Work item —
Print the data once more, exactly as given. Drop the pictures.

--- Extracted information ---

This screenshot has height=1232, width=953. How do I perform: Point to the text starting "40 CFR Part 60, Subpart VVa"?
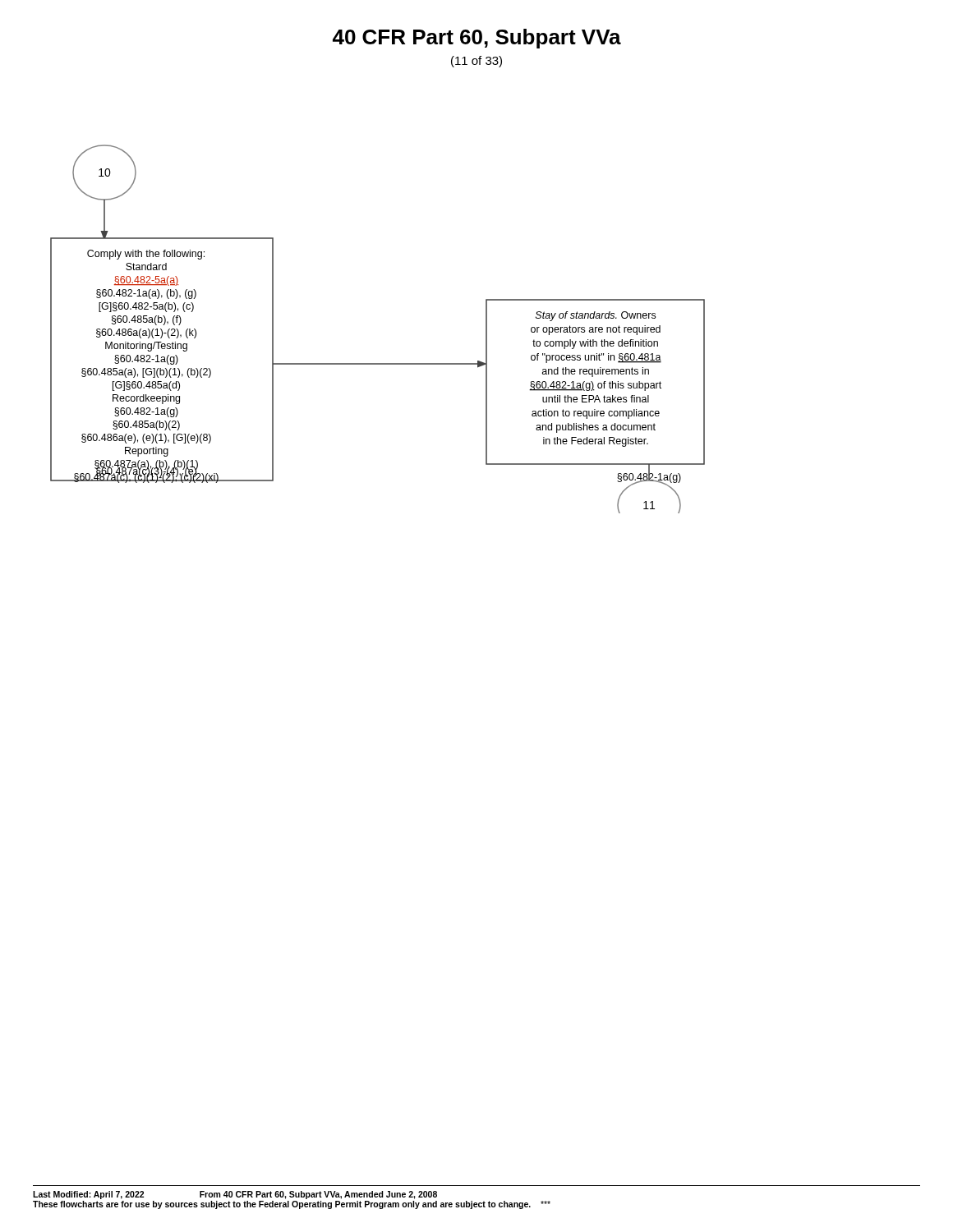(x=476, y=37)
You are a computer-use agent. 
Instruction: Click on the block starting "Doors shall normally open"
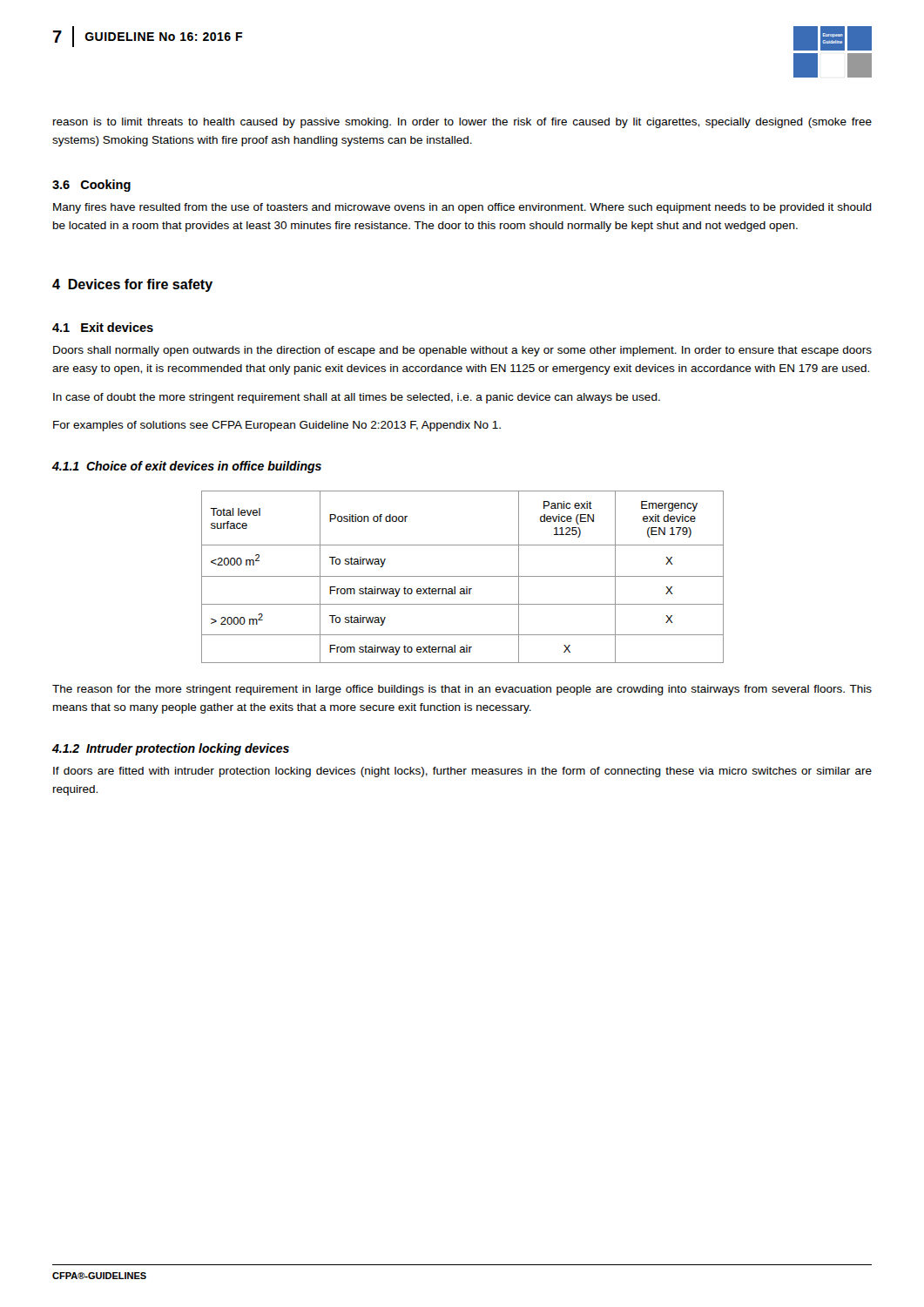tap(462, 359)
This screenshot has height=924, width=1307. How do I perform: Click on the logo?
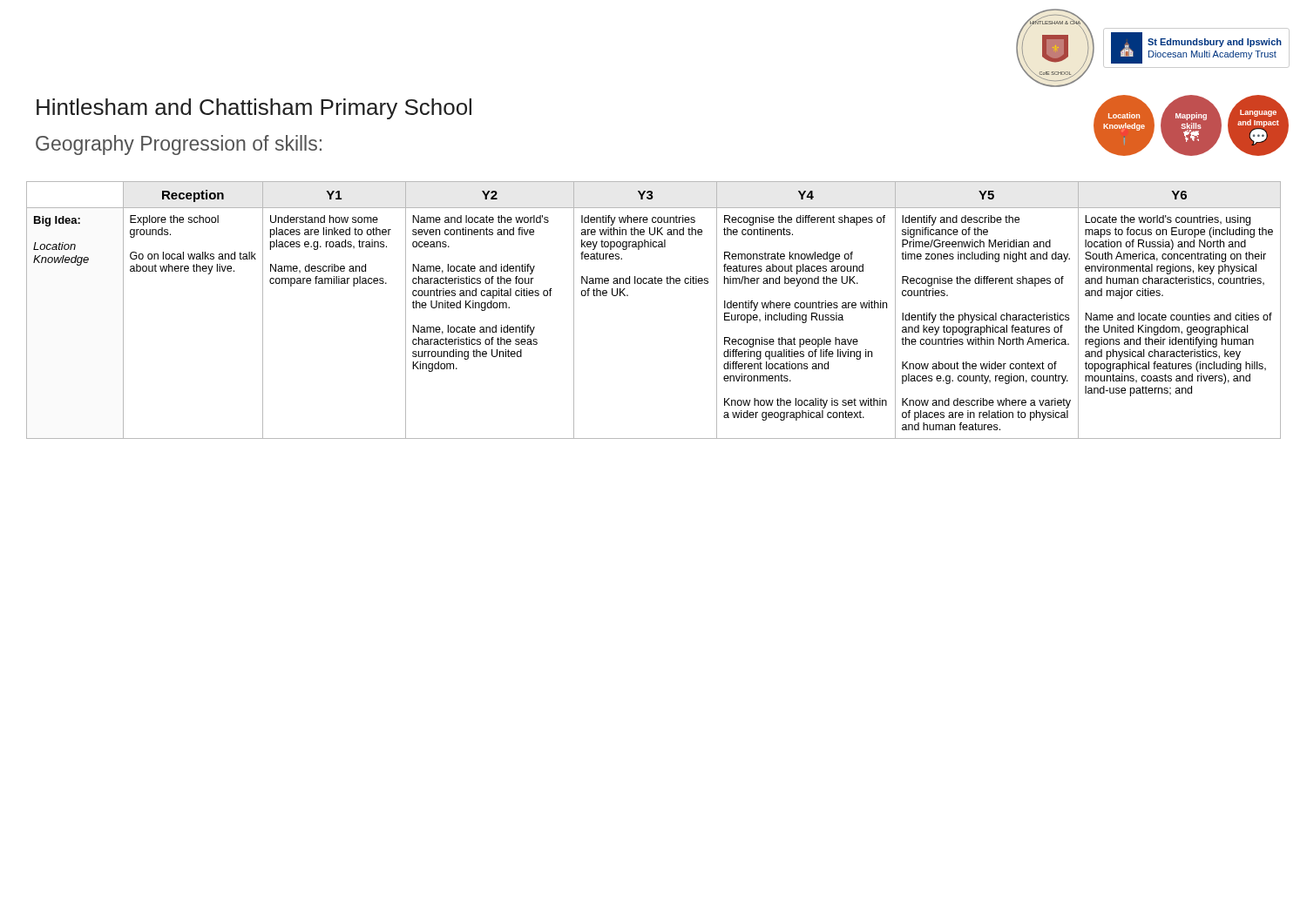[x=1153, y=48]

---

Your solution —
This screenshot has height=1232, width=953. How do I perform: Point to the text starting "40 CFR Part 60, Subpart VVa"?
(x=476, y=37)
You are a computer-use agent. 
Instruction: Click on the block starting "Doors shall normally open"
tap(462, 359)
This screenshot has height=924, width=1307. How do I perform: Click on the logo?
[x=1153, y=48]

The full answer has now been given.